RBI has increased rates by 25bps in its recent policy meeting; GS ECS’s view
that the bar for the RBI to hike again is pretty high and they expect a 100bps
correction in FY13.
2. Banks indicated muted credit growth, but robust deposits growth with
a moderating CASA. Credit demand from green-field and new projects have
slowed considerably. Select companies are still seeing healthy growth in
retail loans even as they gain market share; mortgage loans weaker in NCR
& Mumbai; but growth is still strong in the South.

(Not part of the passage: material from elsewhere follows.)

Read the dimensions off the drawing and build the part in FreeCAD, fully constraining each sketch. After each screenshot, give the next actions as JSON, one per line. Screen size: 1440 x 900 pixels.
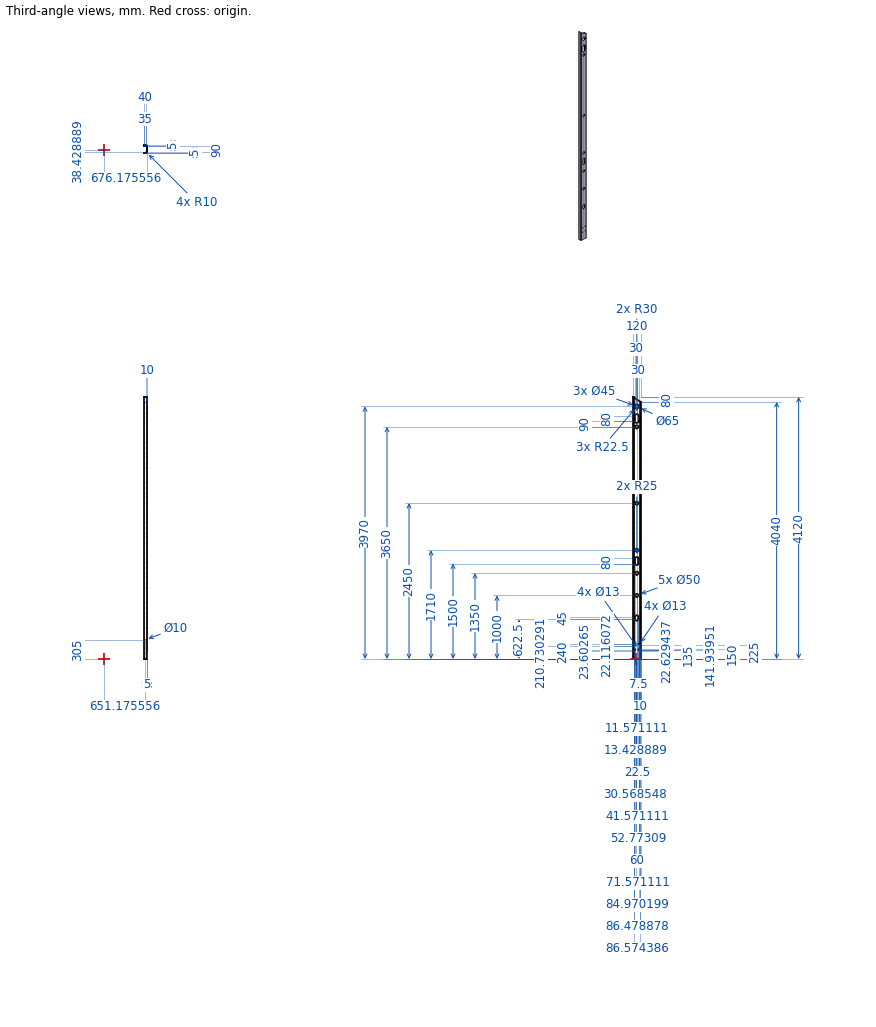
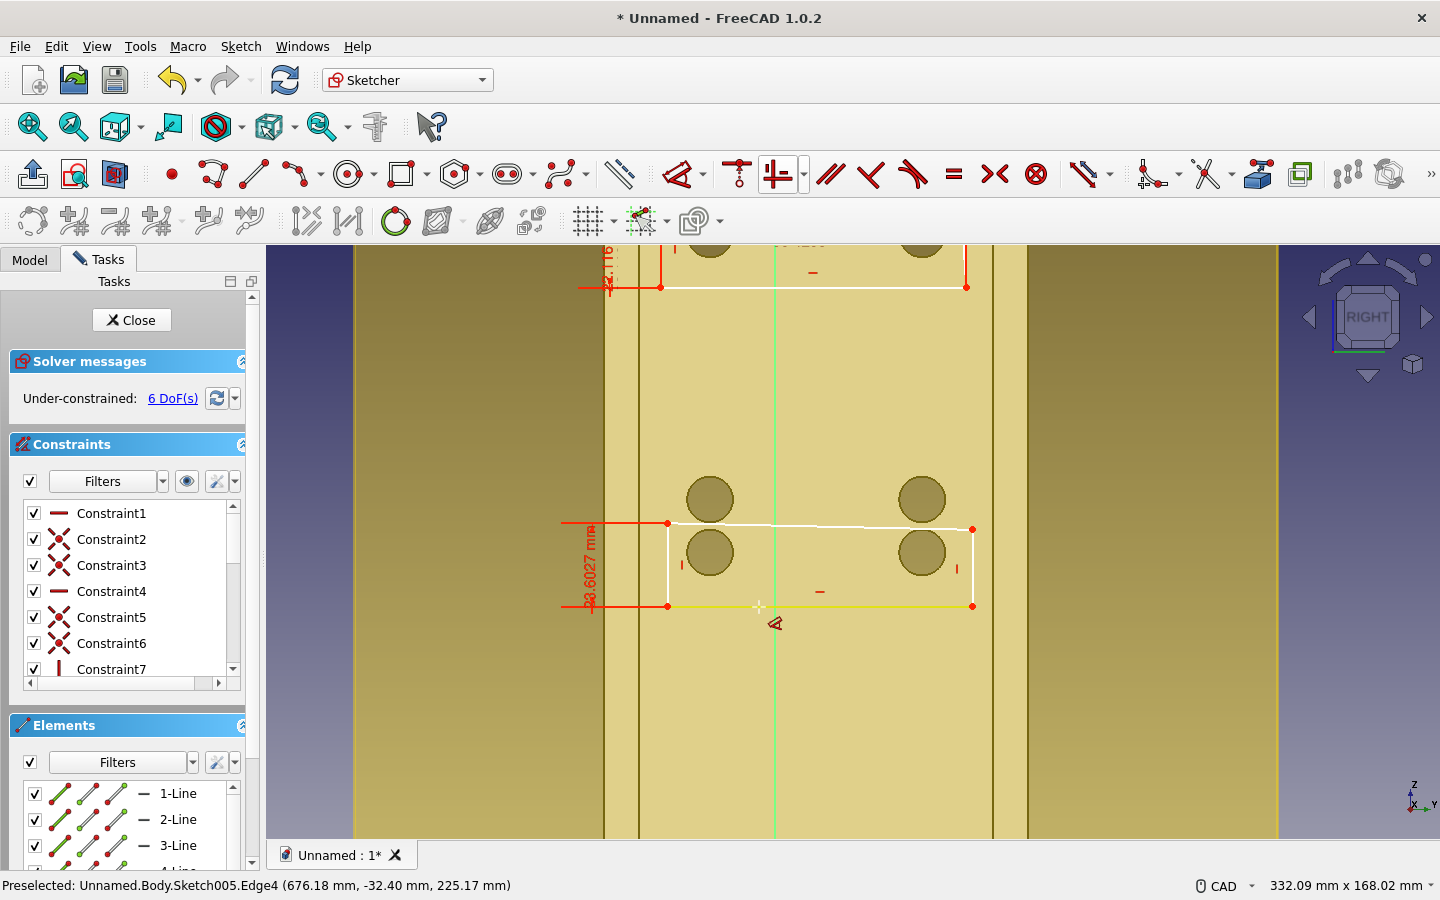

3. Most banks comfortable on margin, expect a narrow range going
forward, likely higher in 2H if rates stabilize. We believe this could decline
again initially as rates reverse.
4. No negative surprises from asset quality so far, but banks sounded
cautious on asset qulity though any increase should be manageable. NPLs
in retail are at an all-time low for select private banks. PSU banks’ have
largely moved to system based NPL recognition leading to an NPL up-tick
over the last 3 qtrs. Some more pain likely in the form of higher provisions
and lower margins, as banks complete this process by Sept 2011 (including
less than Rs1m portfolio). Concerns on SEB’s financing and fuel supply
issues in the power sector remain, but no defaults/restructuring in the
system so far; however IBA asked SEB’s to periodically review the tariffs to
be able to receive further credit from banks.
5. PSU banks put emphasis on improving HR practices; recruitment necessary
to meet the shortfall in manpower in coming years. MoF indicated possible
implementation of Khandelwal Committee recommendations.
GS View. While asset quality pressures loom large, these would be
manageable, and credit growth could moderate to 17%-18% from the 22%
reported in FY11, but not likely to collapse. However, the sharp correction in
stock prices reflects over-pessimism and does provide an entry point for longterm investors. We remain positive on private banks and reiterate our Buy rating
on IndusInd Bank (on CL), Yes Bank, ICICI Bank, Axis Bank; PSUs: BoB and PNB.